Anna’s self-inflicted starvation creates a stark contrast with Ireland’s recent mass starvation where people see eating as a luxury that could be robbed from them at any moment. Her behavior is viewed as unreasonable, yet once her reasoning is explained watchers pity her, seeing that she is a victim of her own extreme religious beliefs. 

“The Wonder” is realistic fiction, with Donahuge’s characters being based on real people. Sarah Jacob and Mollie Fancher, the Welsh Fasting Girl and the Brooklyn Enigma, are both known as the most famous “fasting girls” to ever exist. 

When Molly J. Fancher was nineteen years old, reports were made that she had abstained from eating for seven weeks straight. People weren’t sure if it was for a diet or if it was really a “supernatural” miracle.  In 1865 she suffered in a tragic accident upon exiting a trolley, getting stuck and being dragged across the pavement for over a block. She sustained severe spinal injuries and was confined to her bed for the rest of her life due to limb paralysis. Though proceeded to lose her sight and her hearing, she claimed she could see with her hands behind her back with her “third eye.”

Mollie Fancher puzzled the public. Photo found in 1934 story “The Brooklyn Enigma” New Yorker.

During the Victorian era, there was a push for the secularization, of church and politics. This left a space for increased interest in the supernatural, contributing to the public’s obsession with the Fancher story. The majority of tourists had a huge interest in her claimed “supernatural” powers, even PT Barnum was rumored to have offered her a “golden bed of dove feathers” to join his circus, yet her fasting is what really caught the attention of doctors William Hammond and George Beard. Both wrote her off as fraudulent, unbelieving in her prolonged fast. Hammond even added that it was the public’s willingness to feed into her theatrics that allowed her to get away with blatant fraud. Fancher died in 1916, without any explanation of how she may have pulled off a medical miracle.

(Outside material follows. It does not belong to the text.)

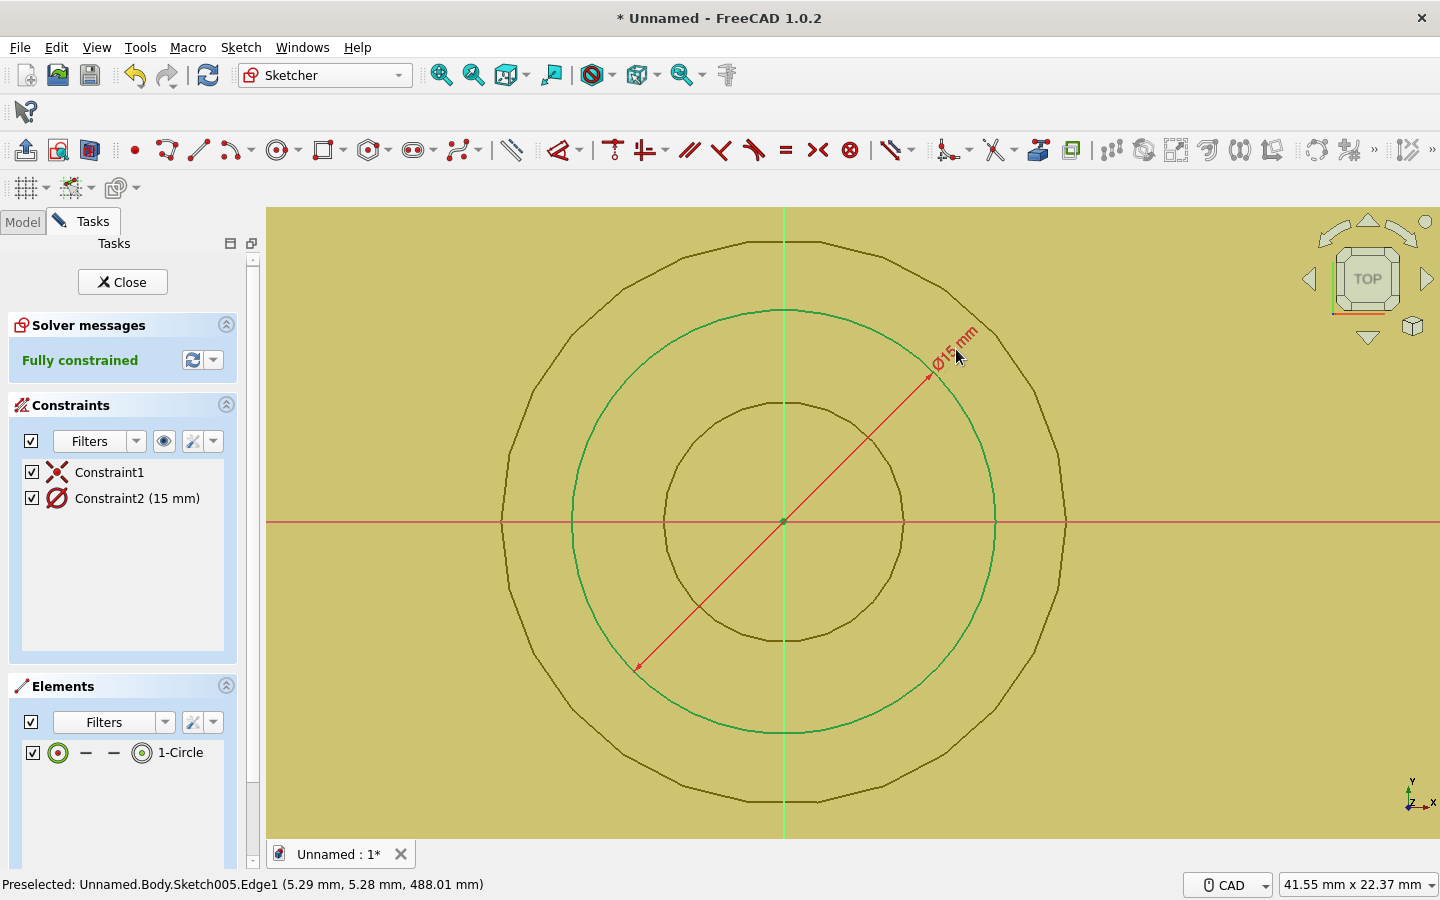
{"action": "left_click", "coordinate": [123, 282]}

The second fasting girl that inspired “The Wonder” of Anna O’Donnel was Sarah Jacob, the Welsh fasting girl. Her parents published her tale publicly to draw attention and visitors to their home. They flaunted their miracle daughter in the local paper the “Welshman,” in the February 19, 1869 issue, explaining how she had not eaten in sixteen weeks, living, on no sustenance besides a few drops of water. 

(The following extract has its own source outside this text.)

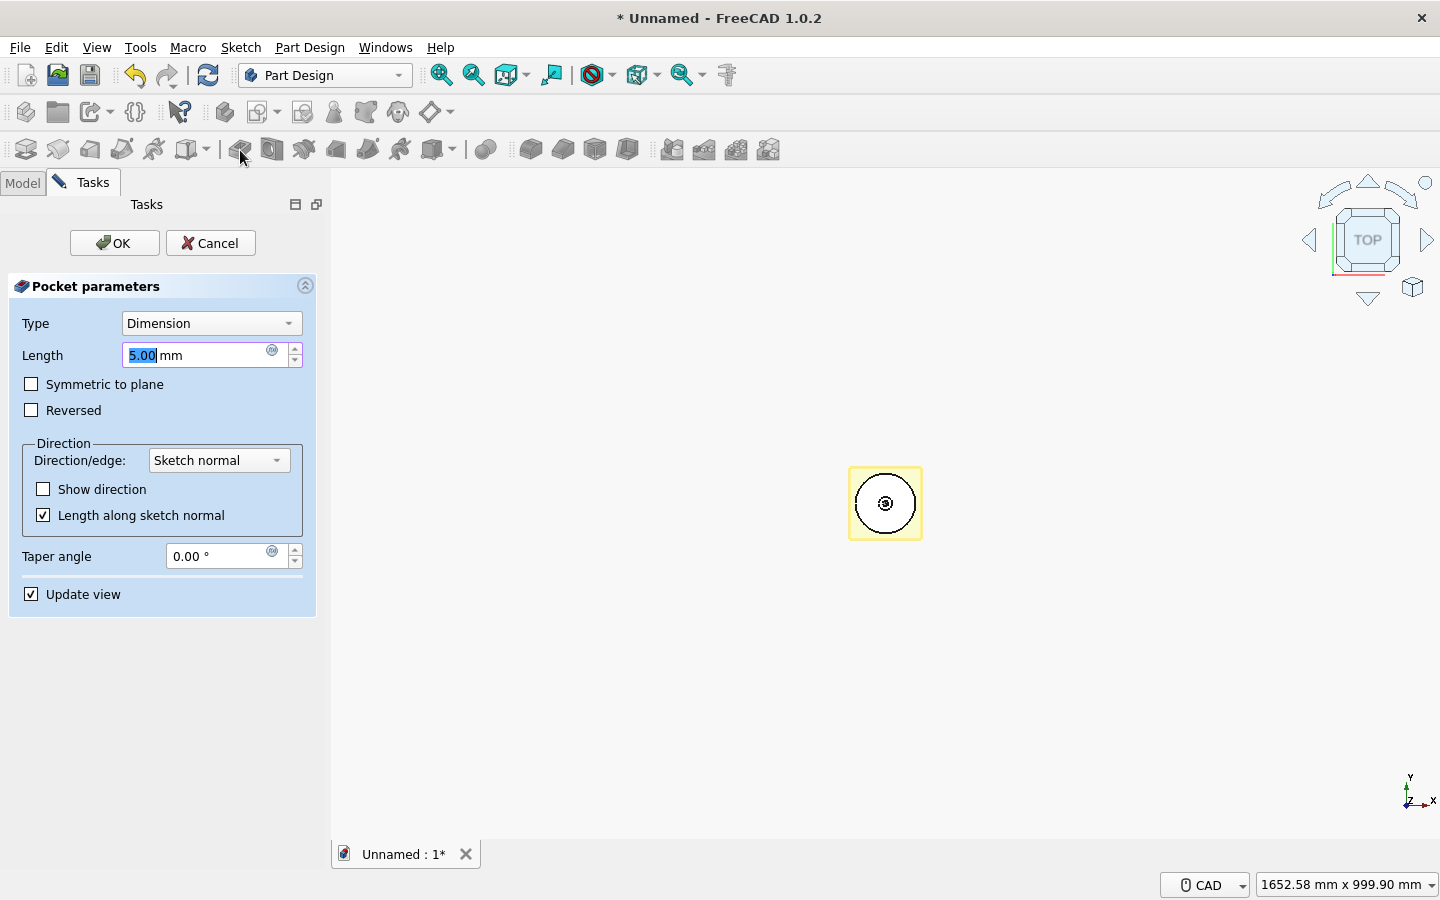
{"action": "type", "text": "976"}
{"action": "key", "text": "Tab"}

The public interest demanded answers, many believing she was deceitful and secretly eating at night. They called it a watch. Four nurses from Guy’s Hospital in London were called to watch the girl for fourteen days. Within a week she had an “altered appearance,” and showed obvious signs of starvation. Jacob died on December 17, 1869. 

The Original Article was posted about Sarah Jacob the Welsh Fasting Girl in the Welshman in 1869.

Emma Donoghue based her character Anna O’Donnel heavily on Sarah Jacob, yet gave her a second chance at life, and an opportunity to be reborn.  Anna wanted to die, but she had made her peace with it, while Lib’s priority was her health. In refusing to let the girl die, she suggested that Anna be reborn as Nan, a new little girl with no trauma. Nan lived with Lib and Thomas in Australia. The last scene is her eating, willingly, at a communal table with her new supportive family, it’s the beginning of her new happy and healthy life. 

Despite not being the main focus of the story, anorexia plays a huge part in the character’s journey. Due to lack of food Anna’s body severely struggles with starvation, to the verge of death. If you are struggling with eating disorders, this movie might be triggering and difficult to watch, so enjoy it with caution.